Old 12-05-2011, 07:34 PM
Nosferatu in Venice (1988)

Directed by Augusto Caminito
Starring: Klaus Kinski, Donald Pleasence, Christopher Plummer

Here comes another interesting obscurity from the vault of european horror. Klaus Kinski plays the titular bloodsucker (from what I suppose the character is based on Murnau´s film classic from 1922 rather than Stoker´s Count), just like he did about a year before in Werner Herzog´s remake of the original "Nosferatu". Taking into account that Kinski once stated that he made the film just so he could get his self-directed "Paghanini" off the ground via the same production company (no idea how that worked out though, his film ended up unreleased for quite some time) and that he´s credited for actually directing about 95% of Nosferatu in Venice, this properbly didn´t have a nice production history.

The plot has Christopher Plummer as a death-bound priest visiting a venician blue-blood family. The oldest daughter has an interest in the occult and came upon an iron-locked coffin in the basement (well, the family tomb). Plummer is supposed to be some sort of authority in the vampire-hunting field and is hired to look into the matter. Could it be that the tomb contains noone else than the fearful arch-vampire, who fell in love with a member of said family some 400 years ago?
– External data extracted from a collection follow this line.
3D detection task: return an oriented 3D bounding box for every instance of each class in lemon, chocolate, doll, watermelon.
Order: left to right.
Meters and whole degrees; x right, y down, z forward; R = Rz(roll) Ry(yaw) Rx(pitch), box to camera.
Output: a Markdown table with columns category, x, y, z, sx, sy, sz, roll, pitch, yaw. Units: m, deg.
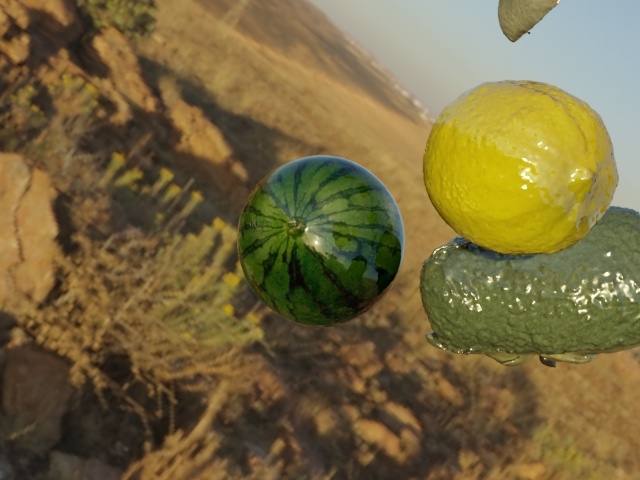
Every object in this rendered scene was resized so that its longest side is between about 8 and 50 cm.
| category | x | y | z | sx | sy | sz | roll | pitch | yaw |
| --- | --- | --- | --- | --- | --- | --- | --- | --- | --- |
| watermelon | 0.002 | 0.001 | 1.456 | 0.242 | 0.242 | 0.242 | 38 | 9 | -7 |
| lemon | 0.195 | -0.072 | 1.020 | 0.193 | 0.181 | 0.180 | -10 | -30 | 42 |
| doll | 0.316 | 0.074 | 1.462 | 0.349 | 0.247 | 0.247 | -4 | 5 | 8 |
| chocolate | 0.345 | -0.425 | 1.479 | 0.100 | 0.303 | 0.185 | 35 | -14 | -7 |

Nosferatu in Venice, is like most things in life an aquired taste. In many ways it reminded me of the vampire-themed soft-porn that Jesse Franco dabbled in in the seventies. It´s a pure kitsch-bomb that sobs with clichés, kind of like a more adult orientated "Twillight". The dialogue has some truly sordid parts, and I mean sordid. Properbly the blame should be put on one or two of the four credited directors or writers? Not all of them though, some of the dialogue IS freakin´ poetic in a good sense. But sometimes it´s just funny because it makes no sense at all. Example? The movie features a lot of that invocating-the-devil shit and consists of saying profane stuff about the spirits invoked? Nosferatu in Venice takes that discipline to ridicoulous lenghts with dialogue like "Nosferatu-hater of mankind. Enemy of Life. Even Death hates you". When we first see Kinski onscreen, that human-hating, evil guy is sentimentally watching a sunset on the beach and then goes partying with some gypsy pals of his! The script was not particulary well written either. For instance, Plummer´s character often states that he doesn´t believe that the events at hand are the work of Nosferatu. Yet he´s supposed to be an expert on the subject and his actions (and subconsequent failiures) clearly point that he DOES believe it. The score is a big part of the film and while some parts are really good (though obviously ripped off from Goblin) sometimes it just seems intended for a different film. And a lot of the overacting extras are just plain whack, chief offenders being those priests in the flashback.

Still, for all these flaws, the film somehow worked on me. Some of the photography and directing is nothing short of blissfull and reminds alot of Kinski´s "Paghanini", which gives further fuel to the suggestion that he actually directed most of this. Kinski is kicking ass as the rather fucked up looking vampire king (think Alice Cooper on crack). Lots of it, gotta love what happens after the invocation part. And that often quoted "dream-like quality" about italian horror films is in full effect here. You may not see it, but it´s there.

Recommended for Kinski fans and arty vampire types alike. If only it was a silent film.